Let's first download a file and open it to see what the format looks like:

In [None]:
# Download an mmCIF file

# Colab tip -- You can download the file to your local machine by:
# 1) clicking on the folder icon on the colab menu
# 2) locating the file and double-clicking on it

# Let's specify the PDB ID of the file we want to download
pdb_id = "4INS"

import urllib.request
urllib.request.urlretrieve(f"https://files.rcsb.org/download/{pdb_id}.cif", f"{pdb_id}.cif")

# View first few lines
num_lines_to_print = 10
with open("4INS.cif") as f:
    print(f"Printing the first {num_lines_to_print} lines in the file: \n")
    for _ in range(num_lines_to_print):
        print(f.readline().strip())

As you can see, it is quite challenging to handle these files "by ourselves" that's why many python libraries have built-in parsers to easily retrieve this data and focus on the rest. The lines we are usually interested in within this file are the one describing the 3D structure of the protein, let's use of of those python packages to extract this information from this file more easily.

In [None]:
!pip install biopandas -q

In [None]:
from biopandas.mmcif import PandasMmcif

# Read the mmCIF file
mmcif = PandasMmcif().read_mmcif(f'{pdb_id}.cif')

# Display the different "keys" of the returned dictionnary
print(mmcif.df.keys())

We created a dictionary ```mmcif``` which contains 3 keys:

* **ATOM** records represent atoms that belong to standard polymer chains such as proteins and nucleic acids.

* **HETATM** records describe atoms from non-polymer molecules like ligands, metal ions (e.g., zinc), and solvent molecules (e.g., water).
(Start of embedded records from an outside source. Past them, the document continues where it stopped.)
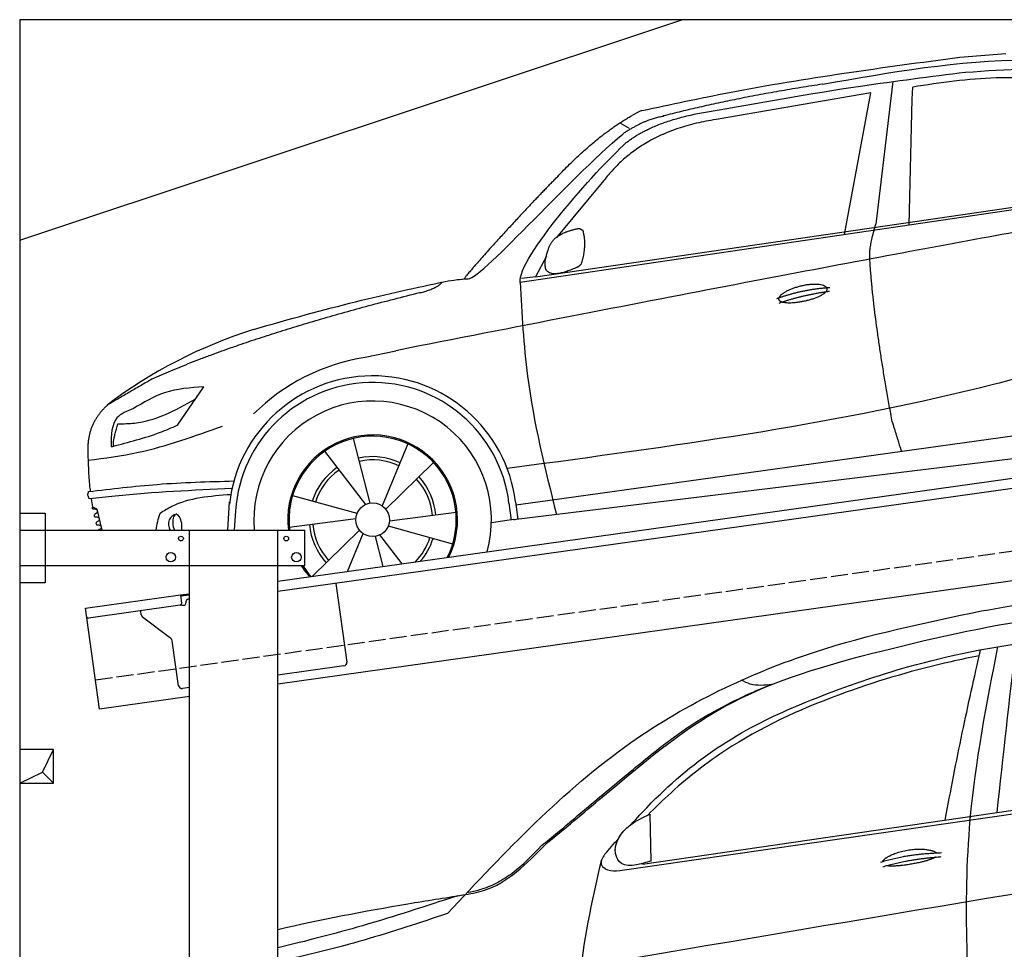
# Model space of a CAD drawing. Extents: x 524 to 6324, y 115 to 5440.
# Tile 2 of 3: x 524 to 3424, y 2701 to 5440. Entities that reach past the tile are written whole.
import ezdxf

# ---------------------------------------------------------------- set-up
doc = ezdxf.new("R2010")
doc.units = 0
doc.header["$LTSCALE"] = 10
doc.header["$MEASUREMENT"] = 0
doc.linetypes.add('GEN3', pattern=[6.25, 5, -1.25])
doc.layers.get('0').update_dxf_attribs({"linetype": 'CONTINUOUS'})
for name, color, linetype in [('3', 6, 'GEN3'), ('BREAKTHROUGH', 1, 'CONTINUOUS'), ('CAR', 1, 'CONTINUOUS')]:
    doc.layers.add(name, color=color, linetype=linetype)
doc.layers.add('AM_0', color=7, linetype='CONTINUOUS', lineweight=30)

# ---------------------------------------------------------------- blocks, each defined once
blk = doc.blocks.new('car_150_')
at = {"layer": 'CAR'}
for p, q in [((6993.7, 5277.2), (7129.2, 5288.8)), ((6796.4, 5203.8), (6750.1, 4783)), ((6731.9, 5170.4), (6283.3, 5089.2)), ((6657.9, 4752.4), (6731.9, 5170.4)), ((6853.7, 5152.6), (6855.4, 5188)), ((6848, 4782.8), (6853.7, 5152.6)), ((5993.7, 5075.5), (6021.3, 5060)), ((5703.5, 4603.8), (7806, 4931.3)), ((5748.6, 4619.9), (7887.1, 4949.3)), ((5948.1, 4905.6), (5809.7, 4736.5)), ((5780.5, 4681.2), (5748.6, 4619.9)), ((5748.6, 4619.9), (5707.7, 4614.5)), ((5249.2, 4379.1), (5338.8, 4399.4)), ((4697.5, 4174.8), (4774.2, 4288.5)), ((7646, 4233.7), (5761.2, 3956.2)), ((5689.3, 3904.2), (7721.3, 4169.7)), ((5267.2, 3949.5), (5216.9, 4139.6)), ((5377, 4125.1), (5302.6, 3941.6)), ((5131.5, 4101.3), (5253.2, 3945.1)), ((5313.4, 3931.7), (5452.9, 4070.3)), ((5734.4, 4063.7), (5670.2, 4054.4)), ((4848.5, 3866.9), (4853.3, 3950.1)), ((5228.7, 3918.3), (5038.9, 3969.8)), ((5676.1, 3953), (5682.6, 3903)), ((5695.3, 3956.7), (5702.3, 3904.6)), ((5761.2, 3956.2), (5696.7, 3946.7)), ((4463, 3925.5), (4449.3, 3931.7)), ((4478.1, 3864), (4463, 3925.5)), ((4871, 3924.2), (4867.7, 3867.1)), ((5520.5, 3924.4), (5324.3, 3897.1)), ((5029.4, 3876.7), (5225.5, 3904)), ((5689.3, 3904.2), (5624.9, 3894.7)), ((5693.6, 3903), (5693.4, 3904.4)), ((5236.4, 3869.4), (5098.3, 3732.1)), ((5201.8, 3747.5), (5247.2, 3859.5)), ((5321.2, 3882.8), (5511, 3831.3)), ((5282.7, 3851.6), (5306.1, 3763)), ((5362.6, 3771.4), (5296.6, 3856))]:
    blk.add_line(p, q, dxfattribs=at)
blk.add_circle((5274.9, 3900.5), 49.6, dxfattribs=at)
for centre, radius, start, end in [((6122, 4949.8), 174.5, 111.2882, 121.9546), ((5356.2, 3104.6), 1422.1, 107.8766, 127.519), ((5347.7, 3787.7), 599.5, 99.4563, 135.2463), ((5274.9, 3900.5), 424.2, 7.6054, 174.1435), ((5274.9, 3900.5), 404.6, 7.4461, 176.652), ((5274.9, 3900.5), 350, 344.7595, 185.4081), ((5274.9, 3900.5), 250, 334.2204, 187.3999), ((5274.9, 3900.5), 246.4, 333.6424, 187.5031), ((5274.9, 3900.5), 186.2, 64.7762, 103.2667), ((5274.9, 3900.5), 176.5, 64.6018, 103.1816), ((5274.9, 3900.5), 186.2, 124.7762, 163.2667), ((5274.9, 3900.5), 176.5, 124.6018, 163.1816), ((5274.9, 3900.5), 176.5, 4.6018, 43.1816), ((5274.9, 3900.5), 186.2, 4.7762, 43.2667), ((5274.9, 3900.5), 176.5, 184.6018, 223.1816), ((5274.9, 3900.5), 186.2, 184.7762, 223.2667), ((5274.9, 3900.5), 176.5, 315.6124, 343.1816), ((5274.9, 3900.5), 186.2, 319.3932, 343.2667), ((5274.9, 3900.5), 250, 213.2019, 222.6786), ((5274.9, 3900.5), 246.4, 213.7482, 223.2566), ((5274.9, 3900.5), 350, 217.4387, 217.626)]:
    blk.add_arc(centre, radius, start, end, dxfattribs=at)
for centre, major_axis, ratio, start_param, end_param in [((4699.7, 3882.5), (4.4, -29.4), 0.870747, 3.078863, 5.190641), ((4699.8, 3882.5), (-4.4, 29.6), 0.439627, 4.05108, 8.39242), ((4699.7, 3882.6), (4.4, -29.5), 0.784824, 3.019947, 3.143719)]:
    blk.add_ellipse(centre, major_axis=major_axis, ratio=ratio, start_param=start_param, end_param=end_param, dxfattribs=at)
for points, degree, knots in [([(6058.7, 5112.4), (6144.2, 5131.5), (6453.2, 5200.5), (6766.8, 5245), (6993.6, 5277.2)], 3, [0, 0, 0, 0, 262.813629, 949.636575, 949.636575, 949.636575, 949.636575]), ([(6590.3, 5194.3), (6790.1, 5231.4), (7055.2, 5280.6), (7323.2, 5267.8), (7389.2, 5264.7)], 3, [0, 0, 0, 0, 605.994997, 803.781644, 803.781644, 803.781644, 803.781644]), ([(7010.2, 5233), (7130.8, 5242.4), (7438, 5266.3), (7702.5, 5100), (7863.2, 4999)], 3, [0, 0, 0, 0, 355.261483, 904.814862, 904.814862, 904.814862, 904.814862]), ([(6252.1, 5110.1), (6401.8, 5138.2), (6653.7, 5185.6), (6907.8, 5219.4), (7011, 5233.1)], 3, [0, 0, 0, 0, 456.745059, 768.877533, 768.877533, 768.877533, 768.877533]), ([(7280.4, 5213.4), (7220.4, 5216.3), (7078, 5223.2), (6937, 5200.9), (6855.4, 5188)], 3, [0, 0, 0, 0, 179.578451, 426.729981, 426.729981, 426.729981, 426.729981]), ([(5483, 4604.3), (5494.7, 4606.5), (5516.1, 4610.4), (5537.7, 4612.2), (5547.5, 4613)], 3, [0, 0, 0, 0, 35.619977, 65.088393, 65.088393, 65.088393, 65.088393]), ([(5703.5, 4603.8), (5709.3, 4511.2), (5723.7, 4280), (5781.3, 4055.4), (5815.9, 3920.7)], 3, [0, 0, 0, 0, 277.59112, 693.570767, 693.570767, 693.570767, 693.570767]), ([(6465.7, 4559.3), (6463.6, 4567.3), (6482, 4586.6), (6560.8, 4618.6), (6657.6, 4599.5), (6576.9, 4555.6), (6492.9, 4543.8), (6467.7, 4551.3), (6465.7, 4559.3)], 5, [0, 0, 0, 0, 0, 0, 0.300106, 0.500106, 0.700106, 1, 1, 1, 1, 1, 1]), ([(7654.8, 4478.5), (7470.6, 4420.5), (6844.5, 4223.3), (6193.7, 4129.8), (5734.4, 4063.7)], 3, [0, 0, 0, 0, 579.00444, 1967.110779, 1967.110779, 1967.110779, 1967.110779]), ([(4774.2, 4288.5), (4734.9, 4285.3), (4660.9, 4279.4), (4597.6, 4240.9), (4567.9, 4222.9)], 3, [0, 0, 0, 0, 116.380747, 219.102854, 219.102854, 219.102854, 219.102854]), ([(4521.8, 4177.7), (4538.5, 4177.9), (4619.5, 4178.7), (4691.9, 4219.3), (4749.3, 4251.6)], 3, [0, 0, 0, 0, 49.860743, 241.440865, 241.440865, 241.440865, 241.440865]), ([(4567.9, 4222.9), (4549.3, 4215.3), (4503.1, 4196.4), (4503, 4144.5), (4502.9, 4113.4)], 3, [0, 0, 0, 0, 55.914644, 138.985336, 138.985336, 138.985336, 138.985336]), ([(4435.2, 4069.4), (4484.9, 4076.4), (4620.6, 4095.5), (4749.3, 4143.2), (4831, 4173.4)], 3, [0, 0, 0, 0, 150.106975, 410.193991, 410.193991, 410.193991, 410.193991]), ([(4506.8, 4110.9), (4554.4, 4123.4), (4619.5, 4140.5), (4680.9, 4167.5), (4697.5, 4174.8)], 3, [0, 0, 0, 0, 147.159719, 201.348086, 201.348086, 201.348086, 201.348086]), ([(4434.3, 4093), (4435.5, 4060.6), (4436.9, 4022.1), (4441.6, 3983.8), (4442.4, 3977.7)], 3, [0, 0, 0, 0, 97.108013, 115.616313, 115.616313, 115.616313, 115.616313]), ([(4502.9, 4113.4), (4502.8, 4112.3), (4502.6, 4109.8), (4505.2, 4110.5), (4506.8, 4110.9)], 3, [0, 0, 0, 0, 2.598862, 6.284951, 6.284951, 6.284951, 6.284951]), ([(4437.7, 3977.1), (4505, 3985.7), (4647.1, 4004), (4790.2, 4009.1), (4865.6, 4011.8)], 3, [0, 0, 0, 0, 203.297538, 429.475842, 429.475842, 429.475842, 429.475842]), ([(4439.9, 3955.5), (4438, 3959.3), (4434.5, 3966.3), (4436.7, 3973.7), (4437.7, 3977.1)], 3, [0, 0, 0, 0, 12.224254, 22.465372, 22.465372, 22.465372, 22.465372]), ([(4860.2, 3989.6), (4745.2, 3983.2), (4604.7, 3975.4), (4465.2, 3958.6), (4439.9, 3955.5)], 3, [0, 0, 0, 0, 345.382791, 421.716813, 421.716813, 421.716813, 421.716813]), ([(4648.5, 3915.5), (4659.8, 3922.6), (4721.6, 3961.3), (4796, 3967.3), (4856.8, 3972.2)], 3, [0, 0, 0, 0, 39.727462, 217.617343, 217.617343, 217.617343, 217.617343]), ([(4452, 3925), (4451.6, 3925.3), (4449.8, 3926.3), (4449.6, 3929.2), (4449.4, 3931.1), (4449.3, 3931.7)], 3, [0, 0, 0, 0, 1.427923, 5.828292, 7.478143, 7.478143, 7.478143, 7.478143]), ([(4455.1, 3908.2), (4455.8, 3910.1), (4457.4, 3914.2), (4466.6, 3914.3), (4462.3, 3926.1), (4455.8, 3925.4), (4452, 3925)], 3, [0, 0, 0, 0, 5.656821, 12.3267, 20.012637, 30.346325, 30.346325, 30.346325, 30.346325]), ([(4457.8, 3901.6), (4457.4, 3901.8), (4455.6, 3902.8), (4455.4, 3905.7), (4455.1, 3907.7), (4455.1, 3908.2)], 3, [0, 0, 0, 0, 1.427923, 5.828292, 7.478143, 7.478143, 7.478143, 7.478143]), ([(4461, 3884.9), (4461.7, 3886.7), (4463.2, 3890.7), (4472.4, 3890.8), (4468.1, 3902.7), (4461.5, 3902), (4457.8, 3901.6)], 3, [0, 0, 0, 0, 5.495934, 12.165813, 19.85175, 30.185438, 30.185438, 30.185438, 30.185438]), ([(4463.7, 3878.2), (4463.2, 3878.5), (4461.5, 3879.5), (4461.3, 3882.4), (4461, 3884.3), (4461, 3884.9)], 3, [0, 0, 0, 0, 1.427923, 5.828292, 7.478143, 7.478143, 7.478143, 7.478143]), ([(4467.9, 3864), (4468.3, 3864.8), (4470.3, 3867.4), (4478.3, 3867.4), (4474, 3879.3), (4467.4, 3878.6), (4463.7, 3878.2)], 3, [2.682731, 2.682731, 2.682731, 2.682731, 5.656821, 12.3267, 20.012637, 30.346325, 30.346325, 30.346325, 30.346325])]:
    blk.add_open_spline(points, degree=degree, knots=knots, dxfattribs=at)
for points, degree in [([(6590.3, 5194.3), (6342.2, 5155.3), (6121.6, 5097.1)], 2), ([(6013, 5017.6), (6096.2, 5083.6), (6251.3, 5110.3)], 2), ([(5803.2, 4907.4), (5922.7, 5036.5), (6029.7, 5097.9)], 2), ([(6284.4, 5088.8), (6061.8, 5056.7), (5948.1, 4905.6)], 2), ([(6123.2, 5096.2), (6065.8, 5086.5), (6002.6, 5043)], 2), ([(5547.5, 4613), (5577.3, 4598.4), (5843.2, 4907.6), (6002.6, 5043)], 3), ([(5703.8, 4603.3), (5695, 4674.1), (5922.8, 4934.4), (6013, 5017.6)], 3), ([(5803.2, 4907.4), (5732.5, 4835), (5644.3, 4736.7), (5532.9, 4612.6), (5539.4, 4612.3)], 4), ([(7979.4, 4899), (7725, 4888.3), (5338.8, 4399.4)], 2), ([(5837.6, 4753), (5865, 4763.1), (5877.9, 4763.9)], 2), ([(5877.9, 4763.9), (5884.9, 4758.8), (5887.3, 4759.1)], 2), ([(5883.9, 4659.5), (5901.1, 4713.7), (5887.3, 4759.1)], 2), ([(6732.8, 4687.3), (6731.1, 4718.4), (6750.1, 4783)], 2), ([(5785.9, 4700), (5794.1, 4735.6), (5837.6, 4753)], 2), ([(5871.8, 4649.8), (5747.2, 4591.7), (5785.9, 4700)], 2), ([(6803, 4201), (6743.7, 4508.9), (6732.8, 4687.3)], 2), ([(5871.8, 4649.8), (5877.4, 4652.5), (5883.9, 4659.5)], 2), ([(4919.6, 4458.1), (5131.9, 4523.6), (5319.2, 4569), (5483, 4604.3)], 3), ([(5399.6, 4569.1), (5453.7, 4579.5), (5474.4, 4601.9)], 2), ([(6460.2, 4561.7), (6532.3, 4589.4), (6615.8, 4595.9)], 2), ([(6467.2, 4548.7), (6538.3, 4574), (6615.5, 4584.7)], 2), ([(4622.5, 4310.5), (4903.3, 4440.5), (5399.6, 4569.1)], 2), ([(4622.5, 4310.5), (4492.9, 4233.7)], 1), ([(4492.9, 4233.7), (4430.6, 4178.8), (4434.3, 4093)], 2), ([(4521.8, 4177.7), (4507.9, 4132), (4508.6, 4113.8)], 2), ([(6803, 4201), (6822.6, 4138.3), (6831.4, 4112.8)], 2), ([(4508.6, 4113.8), (4511.9, 4114.1), (4510.2, 4111.7)], 2), ([(4445.5, 3956.2), (4446.7, 3948), (4448, 3939.9), (4449.3, 3931.7)], 3), ([(4637.5, 3865.3), (4639.1, 3881.6), (4643.8, 3898.6), (4648.5, 3915.5)], 3)]:
    blk.add_open_spline(points, degree=degree, dxfattribs=at)
blk = doc.blocks.new('Car 175  EG')
at = {"layer": 'CAR'}
for p, q in [((15904.4, 2206.8), (17534.5, 2444.4)), ((15837.3, 2188.3), (17534.5, 2433.4)), ((15925.3, 2353.7), (15928.4, 2215.5)), ((15904.4, 2206.8), (15903.1, 2208.3))]:
    blk.add_line(p, q, dxfattribs=at)
for points, degree, knots in [([(16902.4, 2952.8), (17016.6, 2972.7), (17226.3, 3009.3), (17438, 3029.4), (17534.5, 3037.6)], 3, [0, 0, 0, 0, 347.738814, 638.059887, 638.059887, 638.059887, 638.059887]), ([(15618.2, 2264.7), (15674.3, 2311.2), (15844.4, 2452.1), (16141.1, 2707.5), (16615.8, 2842.2), (17080.9, 2943.8), (17393.7, 2966.3), (17534.5, 2975.9)], 3, [0, 0, 0, 0, 218.844855, 663.888154, 1156.086056, 1672.421782, 2095.069104, 2095.069104, 2095.069104, 2095.069104]), ([(15330.2, 2061.6), (15499.7, 2242.7), (15807.7, 2571.9), (16374.9, 2843.4), (16737.1, 2918.5), (16902.4, 2952.8)], 3, [0, 0, 0, 0, 738.220806, 1341.344928, 1847.31521, 1847.31521, 1847.31521, 1847.31521]), ([(15870.3, 2323.5), (15905.1, 2361.8), (16002.8, 2464), (16183.7, 2597.6), (16428.6, 2705), (16716.3, 2804.6), (17034, 2867.2), (17259.6, 2884.4), (17358.3, 2891.9)], 3, [117.352309, 117.352309, 117.352309, 117.352309, 272.540859, 541.806129, 784.156862, 1072.446581, 1454.195977, 1751.061842, 1751.061842, 1751.061842, 1751.061842]), ([(16949.8, 2847.4), (16916.8, 2677.8), (16835.7, 2261.4), (16862, 1837.3), (16877.6, 1585.9)], 3, [0, 0, 0, 0, 516.513385, 1267.967211, 1267.967211, 1267.967211, 1267.967211]), ([(16895.9, 2820.7), (16868.2, 2815.3), (16735.5, 2787.6), (16485.8, 2714.9), (16203.2, 2589.4), (16018.5, 2448.5), (15942, 2373.8), (15919.7, 2351.2)], 3, [511.867426, 511.867426, 511.867426, 511.867426, 596.429185, 918.958376, 1290.506038, 1516.177085, 1611.41328, 1611.41328, 1611.41328, 1611.41328]), ([(16795.5, 2336.7), (16811.8, 2422.5), (16843.7, 2590.3), (16881.4, 2756.9), (16899.9, 2838.4)], 3, [0, 0, 0, 0, 261.959498, 512.462761, 512.462761, 512.462761, 512.462761]), ([(15853.5, 2466.7), (15893.9, 2500.5), (15961.8, 2557.3), (16066.2, 2630.7), (16150, 2676.5), (16222.9, 2711.4), (16261.5, 2727.5), (16281, 2735.6)], 3, [0, 0, 0, 0, 158.172687, 265.410945, 382.186305, 444.249723, 507.67311, 507.67311, 507.67311, 507.67311]), ([(16285, 2736), (16263.2, 2733.7), (16231.8, 2730.3), (16204.2, 2744.4), (16195.8, 2748.8)], 3, [0, 0, 0, 0, 63.604054, 91.595888, 91.595888, 91.595888, 91.595888]), ([(15606.8, 2261.4), (15622.7, 2274.1), (15661.5, 2305.3), (15742.2, 2375.5), (15809.2, 2430.4), (15853.5, 2466.7)], 3, [0, 0, 0, 0, 61.026577, 149.27583, 320.902955, 320.902955, 320.902955, 320.902955]), ([(15928.4, 2215.5), (15890.6, 2204.3), (15842.9, 2190.2), (15813.2, 2261.9), (15858.2, 2323.2), (15905.7, 2344.8), (15925.3, 2353.7)], 3, [0, 0, 0, 0, 93.893169, 118.374194, 212.097975, 277.811871, 277.811871, 277.811871, 277.811871]), ([(15375.3, 2115.9), (15396, 2119.5), (15492.1, 2135.9), (15562.7, 2208.1), (15618.2, 2264.7)], 3, [0, 0, 0, 0, 62.408747, 289.307571, 289.307571, 289.307571, 289.307571]), ([(15388.5, 2123.8), (15400.8, 2126.1), (15430.9, 2131.6), (15475.7, 2150.8), (15539.6, 2191.2), (15579.4, 2232.7), (15606.8, 2261.4)], 3, [0, 0, 0, 0, 37.491827, 91.633253, 144.819923, 263.276484, 263.276484, 263.276484, 263.276484]), ([(15792.7, 2235.3), (15786.2, 2225.5), (15777.8, 2212.8), (15785.1, 2201.4), (15786.7, 2198.8)], 3, [0, 0, 0, 0, 30.438073, 39.171624, 39.171624, 39.171624, 39.171624]), ([(16611.3, 2214.3), (16614.7, 2222.5), (16638.9, 2239.9), (16692.8, 2256.8), (16739.6, 2253.7), (16764.7, 2244.8), (16770, 2240.2), (16770.2, 2240)], 5, [0.0314681, 0.0314681, 0.0314681, 0.0314681, 0.0314681, 0.0314681, 0.300106, 0.500106, 0.5095952, 0.5095952, 0.5095952, 0.5095952, 0.5095952, 0.5095952]), ([(15782.1, 2215.5), (15754.6, 2095.7), (15694.1, 1832.5), (15729.9, 1564.4), (15749.4, 1418.3)], 3, [0, 0, 0, 0, 365.78302, 803.634986, 803.634986, 803.634986, 803.634986]), ([(16766.9, 2227.5), (16763.5, 2225.2), (16746.7, 2217), (16713.5, 2208.3), (16667.2, 2200.5), (16635.8, 2199.7), (16622.5, 2202.2)], 5, [0.6133618, 0.6133618, 0.6133618, 0.6133618, 0.6133618, 0.6133618, 0.700106, 0.9252293, 0.9252293, 0.9252293, 0.9252293, 0.9252293, 0.9252293]), ([(15786.7, 2198.8), (15791.4, 2195.6), (15806.2, 2185.3), (15824.7, 2187.1), (15837.3, 2188.3)], 3, [0, 0, 0, 0, 16.774796, 52.993244, 52.993244, 52.993244, 52.993244]), ([(14829.8, 2014.5), (14956.7, 2044), (15138.7, 2078.7), (15321.3, 2107.4), (15375.3, 2115.9)], 3, [321.085946, 321.085946, 321.085946, 321.085946, 711.926076, 875.841352, 875.841352, 875.841352, 875.841352]), ([(15358.8, 2113.3), (15266.1, 2083), (15091.4, 2025.8), (14913.6, 1980.1), (14829.8, 1960.2)], 3, [0, 0, 0, 0, 292.649702, 551.118371, 551.118371, 551.118371, 551.118371]), ([(15330.2, 2061.6), (15248.5, 2034.3), (15083.8, 1979.1), (14915.2, 1938.3), (14829.8, 1919.8)], 3, [0, 0, 0, 0, 258.392711, 520.699184, 520.699184, 520.699184, 520.699184])]:
    blk.add_open_spline(points, degree=degree, knots=knots, dxfattribs=at)
for points, degree in [([(16948.4, 2359), (16966.9, 2524.6), (16985.4, 2690.3), (17003.8, 2856)], 3), ([(15792.7, 2235.3), (15806.1, 2250.8), (15819.6, 2266.3), (15833.2, 2281.7)], 3), ([(15824, 2248.4), (15824.2, 2249), (15824.5, 2249.6), (15824.8, 2250.2)], 3), ([(16605.4, 2212.3), (16678.6, 2237), (16785.1, 2240.6)], 2), ([(15344.8, 1838.9), (16073.8, 1963.9), (16802.9, 2088.9), (17534.5, 2207.8)], 3), ([(16611.9, 2199.1), (16683.9, 2221.3), (16784.3, 2228.9)], 2)]:
    blk.add_open_spline(points, degree=degree, dxfattribs=at)

msp = doc.modelspace()

# ---------------------------------------------------------------- linework, layer by layer
for p, q in [((5824.1, 5440), (524.1, 5440)), ((524.1, 5440), (524.1, 290)), ((524.1, 4790), (2474.1, 5440)), ((1284.1, 3785.2), (3762.9, 4133.6)), ((3770.1, 4104.3), (1284.1, 3754.9)), ((524.1, 3986.2), (599.1, 3986.2)), ((599.1, 3986.2), (599.1, 3781.2)), ((524.1, 3936.2), (1364.1, 3936.2)), ((1024.1, 2266.2), (1024.1, 3936.2)), ((1284.1, 296.2), (1284.1, 3936.2)), ((1364.1, 3831.2), (1364.1, 3936.2)), ((3988.8, 3862.4), (1284.1, 3482.2)), ((1364.1, 3831.2), (524.1, 3831.2)), ((599.1, 3781.2), (524.1, 3781.2)), ((1454.8, 3778.9), (1487.4, 3547.2)), ((717.8, 3705.6), (997.6, 3744.9)), ((997.6, 3744.9), (1024.1, 3748.6)), ((997.6, 3744.9), (1001.1, 3720.2)), ((1024.1, 3744.6), (998.2, 3741)), ((996.8, 3714.5), (727, 3676.6)), ((1004.4, 3714.6), (1009.3, 3715.3)), ((1013.6, 3720.9), (1013.5, 3721.9)), ((1022, 3733.2), (1024.1, 3733.5)), ((759.6, 3408.5), (717.8, 3705.6)), ((882.1, 3686.4), (880.5, 3698.2)), ((969.7, 3616.7), (886, 3679.8)), ((992.3, 3477.6), (973.6, 3610.1)), ((1478.9, 3535.9), (1284.1, 3508.5)), ((1024.1, 3471.9), (1003.5, 3469.1)), ((1024.1, 3445.7), (759.6, 3408.5))]:
    msp.add_line(p, q)
for centre, radius in [((999.1, 3911.2), 7), ((1309.1, 3911.2), 7), ((969.1, 3856.2), 14), ((1339.1, 3856.2), 14)]:
    msp.add_circle(centre, radius)
for centre, radius, start, end in [((996.1, 3719.5), 5, 278, 8), ((1003.7, 3719.5), 5, 221.2367, 278), ((1008.6, 3720.2), 5, 278, 8), ((1023.4, 3723.3), 10, 98, 188), ((892, 3687.8), 10, 188, 233), ((726.3, 3681.5), 5, 188, 278), ((963.7, 3608.7), 10, 8, 53), ((1477.5, 3545.8), 10, 278, 8), ((1002.2, 3479), 10, 188, 278)]:
    msp.add_arc(centre, radius, start, end)
at = {"layer": '3'}
msp.add_line((747.5, 3494.7), (5754.9, 4198.4), dxfattribs=at)
at = {"layer": 'BREAKTHROUGH'}
for p, q in [((591.5, 3223), (624.1, 3290)), ((524.1, 3190), (591.5, 3223)), ((591.2, 3222.8), (624.1, 3190))]:
    msp.add_line(p, q, dxfattribs=at)
msp.add_lwpolyline([(624.1, 3290), (524.1, 3290), (524.1, 3190), (624.1, 3190)], close=True, dxfattribs=at)

# ---------------------------------------------------------------- block references
at = {"layer": 'AM_0', "rotation": 359.5505213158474}
msp.add_blockref('car_150_', (-3741.7, 107.4), dxfattribs=at)
at = {"layer": 'AM_0'}
msp.add_blockref('Car 175  EG', (-13545.7, 745.1), dxfattribs=at)

doc.saveas('drawing.dxf')

* **ANISOU** records contain detailed information on atomic vibrations (anisotropic displacement parameters) derived from crystallography, which provide insight into atomic motion but are optional for most analyses.
Understanding these distinctions helps when filtering or visualizing structural components relevant to your study.

In [None]:
mmcif.df["ATOM"]

In [None]:
mmcif.df["HETATM"]

Spend some time exploring the tabular data visualization of this protein, and start imagining having to deal with several thousand of these files!

**Quiz:**

* Are there any solvent molecules present in that structure?
* How many amino acid is there in this protein? How about the number of heavy atoms? How about the number of chains?
* What does the "occupancy" column means? Why is this important?



Now, this is much more readable than the raw cif format, but it is not necessarily easy to get a feel of 3D data by looking at a table. Let's try adding some visualization to truly get a sense of what we are dealing with

## Visualizing proteins with py3Dmol



To do so, let's use the py3Dmol package created by the Koes group [see paper](https://doi.org/10.1093/bioinformatics/btu829)

In [None]:
import py3Dmol
view = py3Dmol.view(query=f'pdb:{pdb_id}')

# Set the style, we have to add separate visualizations for the hetero atoms
view.setStyle({'cartoon':{'color':'spectrum'}})
view.addStyle({'atom': 'ZN'}, {'sphere': {'color': 'grey', 'radius': 1.5}})
view.addStyle({'resn': 'HOH'}, {'sphere': {'color': 'red', 'radius': 0.5}})
view.show()

Let's exclude the water molecules from our visualization from now on. It's important to know they are here due to the experimental nature of the structure, but it hinders our visualization. On top of that, let's add a few small changes to how we're doing the rendering to see more.

In [None]:
view = py3Dmol.view(query=f'pdb:{pdb_id}')
view.setStyle({'cartoon': {'color':'spectrum'}})
view.addStyle({'atom': 'ZN'}, {'sphere': {'color': 'grey', 'radius': 1.5}})
view.addSurface(py3Dmol.VDW,{'opacity':0.7,'color':'white'}, {'not': {'resn': 'HOH'}})
view.show()

**Quiz:**

* What does having solvent molecules within the crystal imply when modeling protein-ligand interactions?
* Another interesting thing about this protein structure is the 2 Zn ions it has. Can AlphaFold2 handle that type of atoms? If not, what are the potential consequences of this missing feature?